Kritik ini mulai ditanggapi dengan menjual menara telekomunikasi milik Telkomsel kepada Mitratel senilai Rp 10 triliun sebagai bentuk re-focusing lini bisnis masing-masing anak perusahaan.

Dan selama manajemen TLKM masih peka terhadap perkembangan jaman dan tuntutan kebutuhan pelanggan, maka status TLKM sebagai market leader sepertinya masih akan sulit untuk goyah. 

Anda tidak akan dengan mudahnya mengganti nomor seluler yang anda gunakan selama ini, bukan?

Inilah bentuk economic moat yang dimiliki oleh TLKM.

Ketiga, adopsi digital di Indonesia masih akan terus berjalan dan sebagai provider telekomunikasi terbesar di Indonesia, TLKM akan menjadi pemain penting di dalamnya. Ericsson Mobility Report menyatakan bahwa di tahun 2020, traffic mobile data di Asia Tenggara (termasuk Indonesia) sudah tumbuh 9x lipat dibandingkan sepuluh tahun yang lalu.

Diagram

Description automatically generated

Meskipun ekspektasi pertumbuhan ke depan tidak bisa diharapkan menyamai angka yang sudah terjadi dalam satu dekade ke belakang, setidaknya hal itu memberikan gambaran betapa kehidupan kita saat ini tidak bisa lepas dari penggunaan data telekomunikasi.

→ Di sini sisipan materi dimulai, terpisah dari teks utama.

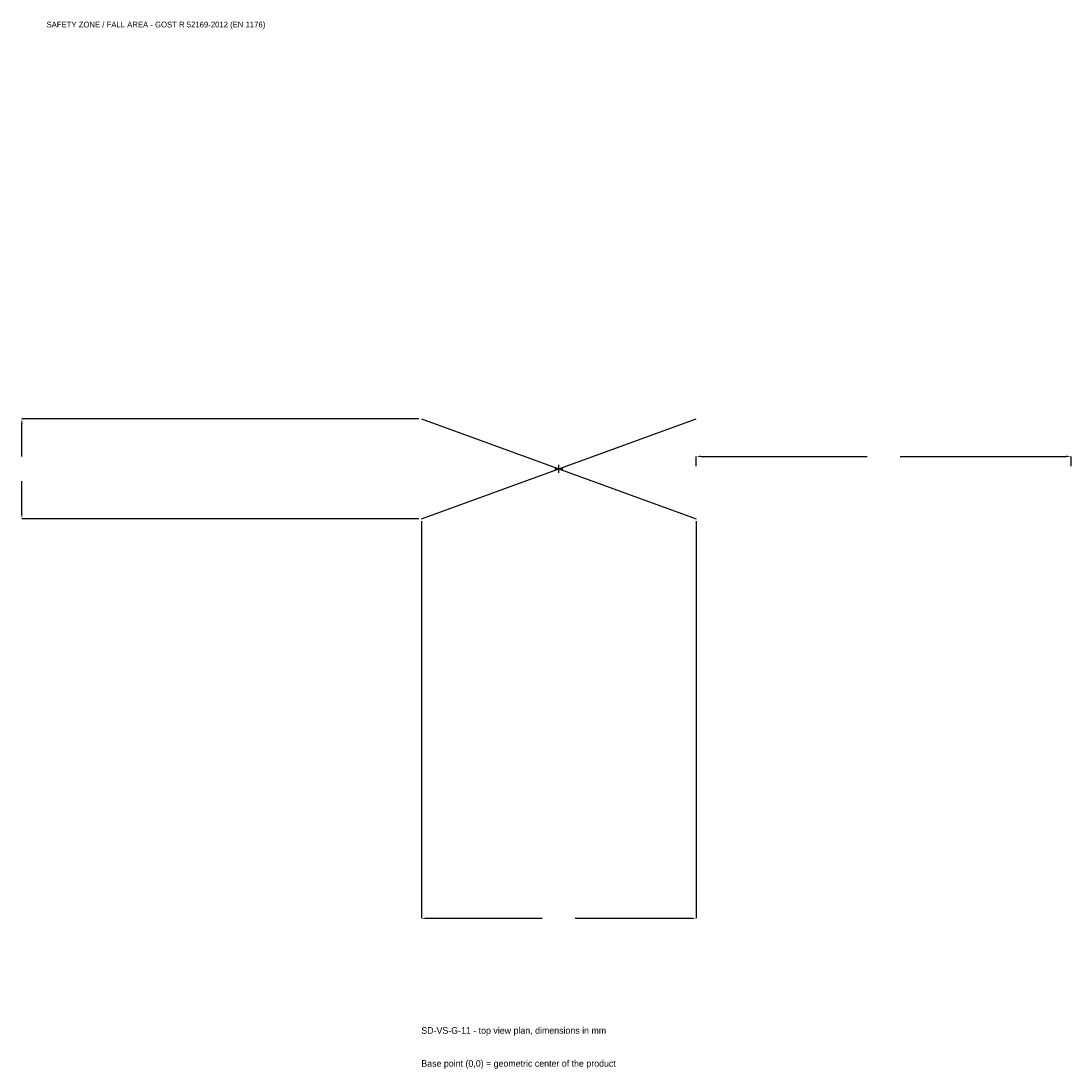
# Model space of a CAD drawing. Extents: x -2152 to 2050, y -2402 to 1792.
import ezdxf

# ---------------------------------------------------------------- set-up
doc = ezdxf.new("R2010")
doc.units = 0
for name, color, linetype in [('GP_MAF_zona_bezopasnosti', 1, 'Continuous'), ('ZSK_DANNYE', 3, 'Continuous'), ('ZSK_KONTUR', 7, 'Continuous'), ('ZSK_RAZMERY', 8, 'Continuous')]:
    doc.layers.add(name, color=color, linetype=linetype)
doc.dimstyles.new('ORION', dxfattribs={"dimtxt": 33, "dimasz": 19.8, "dimexe": 1.25, "dimexo": 9.9, "dimtad": 1, "dimcen": 2.5, "dimazin": 3, "dimtfac": 1, "dimtmove": 0, "dimatfit": 3})

# ---------------------------------------------------------------- blocks, each defined once
blk = doc.blocks.new('_CLOSEDFILLED')
at = {"color": 0, "linetype": 'BYBLOCK'}
blk.add_solid([(-1, 0.16), (0, 0), (-1, -0.16)], dxfattribs=at)
blk = doc.blocks.new('*D1')
for p, q in [((-550, -209.9), (-550, -1799)), ((550, -209.9), (550, -1799)), ((-530.2, -1799), (-66, -1799)), ((66, -1799), (530.2, -1799))]:
    blk.add_line(p, q)
at = {"layer": 'Defpoints'}
for p in [(-550, -200), (550, -200), (-550, -1799)]:
    blk.add_point(p, dxfattribs=at)
at = {"layer": 'ZSK_RAZMERY', "xscale": 19.8, "yscale": 19.8, "rotation": 180}
blk.add_blockref('_CLOSEDFILLED', (-550, -1799), dxfattribs=at)
at = {"layer": 'ZSK_RAZMERY', "xscale": 19.8, "yscale": 19.8}
blk.add_blockref('_CLOSEDFILLED', (550, -1799), dxfattribs=at)
blk = doc.blocks.new('*D2')
for p, q in [((-559.9, 200), (-2149, 200)), ((-2149, 49.5), (-2149, 180.2)), ((-2149, -180.2), (-2149, -49.5)), ((-559.9, -200), (-2149, -200))]:
    blk.add_line(p, q)
at = {"layer": 'Defpoints'}
for p in [(-550, 200), (-2149, -200), (-550, -200)]:
    blk.add_point(p, dxfattribs=at)
at = {"layer": 'ZSK_RAZMERY', "xscale": 19.8, "yscale": 19.8}
for p, rotation in [((-2149, 200), 90), ((-2149, -200), 270)]:
    blk.add_blockref('_CLOSEDFILLED', p, dxfattribs=dict(at, rotation=rotation))
blk = doc.blocks.new('*D3')
for p, q in [((550, 9.9), (550, 49.5)), ((569.8, 49.5), (1234, 49.5)), ((1366, 49.5), (2030.2, 49.5)), ((2050, 9.9), (2050, 49.5))]:
    blk.add_line(p, q)
at = {"layer": 'Defpoints'}
for p in [(550, 49.5), (550, 0), (2050, 0)]:
    blk.add_point(p, dxfattribs=at)
at = {"layer": 'ZSK_RAZMERY', "xscale": 19.8, "yscale": 19.8, "rotation": 180}
blk.add_blockref('_CLOSEDFILLED', (550, 49.5), dxfattribs=at)
at = {"layer": 'ZSK_RAZMERY', "xscale": 19.8, "yscale": 19.8}
blk.add_blockref('_CLOSEDFILLED', (2050, 49.5), dxfattribs=at)
blk = doc.blocks.new('B1')
at = {"layer": 'ZSK_KONTUR'}
for p, q in [((-550, -200), (550, 200)), ((-550, 200), (550, -200))]:
    blk.add_line(p, q, dxfattribs=at)
at = {"layer": 'ZSK_RAZMERY'}
for p, q in [((-16, 0), (16, 0)), ((0, -16), (0, 16))]:
    blk.add_line(p, q, dxfattribs=at)
at = {"layer": 'GP_MAF_zona_bezopasnosti', "color": 1}
blk.add_text('SAFETY ZONE / FALL AREA - GOST R 52169-2012 (EN 1176)', height=23.1, dxfattribs=at).set_placement((-2050, 1766))
at = {"layer": 'ZSK_RAZMERY'}
dim = blk.add_linear_dim(base=(-2149, -200), p1=(-550, -200), p2=(-550, 200), angle=90, dimstyle='ORION', dxfattribs=at)
dim.commit()
dim.dimension.update_dxf_attribs({"geometry": '*D2', "text_midpoint": (-2149, 0)})
for base, p1, p2, picture, middle in [((550, 49.5), (550, 0), (2050, 0), '*D3', (1300, 49.5)), ((-550, -1799), (-550, -200), (550, -200), '*D1', (0, -1799))]:
    dim = blk.add_linear_dim(base=base, p1=p1, p2=p2, dimstyle='ORION', dxfattribs=at)
    dim.commit()
    dim.dimension.update_dxf_attribs({"geometry": picture, "text_midpoint": middle})

msp = doc.modelspace()

# ---------------------------------------------------------------- block references
msp.add_blockref('B1', (0, 0))

# ---------------------------------------------------------------- texts
at = {"layer": 'ZSK_DANNYE', "color": 3}
msp.add_text('SD-VS-G-11 - top view plan, dimensions in mm', height=26.4, dxfattribs=at).set_placement((-550, -2261))
at = {"layer": 'ZSK_DANNYE', "color": 7}
msp.add_text('Base point (0,0) = geometric center of the product', height=26.4, dxfattribs=at).set_placement((-550, -2393))

doc.saveas('drawing.dxf')

Keempat, industri telekomunikasi adalah industri yang memiliki barrier of entry yang sangat tinggi. Industri ini membutuhkan modal yang besar (capital intensive) untuk menjadi salah satu pemain di dalamnya. Bayangkan saja biaya yang harus dikeluarkan untuk satelit, pembangunan data center, pembangunan puluhan ribu menara pemancar, dll. 

Karakter inilah yang menyebabkan hampir di semua negara, pangsa pasar industri telekomunikasi hanya dikuasai oleh beberapa pemain saja.

Dan untuk Indonesia, sepertinya TLKM masih akan menjadi salah satu pemain utama di dalamnya.

Sebagai penutup.

Kondisi TLKM saat ini memang sedang tidak disukai oleh pasar, mengingat harga sahamnya yang terus turun selama beberapa bulan terakhir. 

Tapi setelah mengetahui fakta dan angka dari laporan keuangannya, apakah anda setuju dengan Mr. Market?

DISCLAIMER: Tulisan ini bukanlah rekomendasi untuk membeli/menjual saham TLKM. Angka-angka yang digunakan di dalam tulisan ini bersifat historical dan tidak bisa menjadi jaminan untuk performa di masa depan.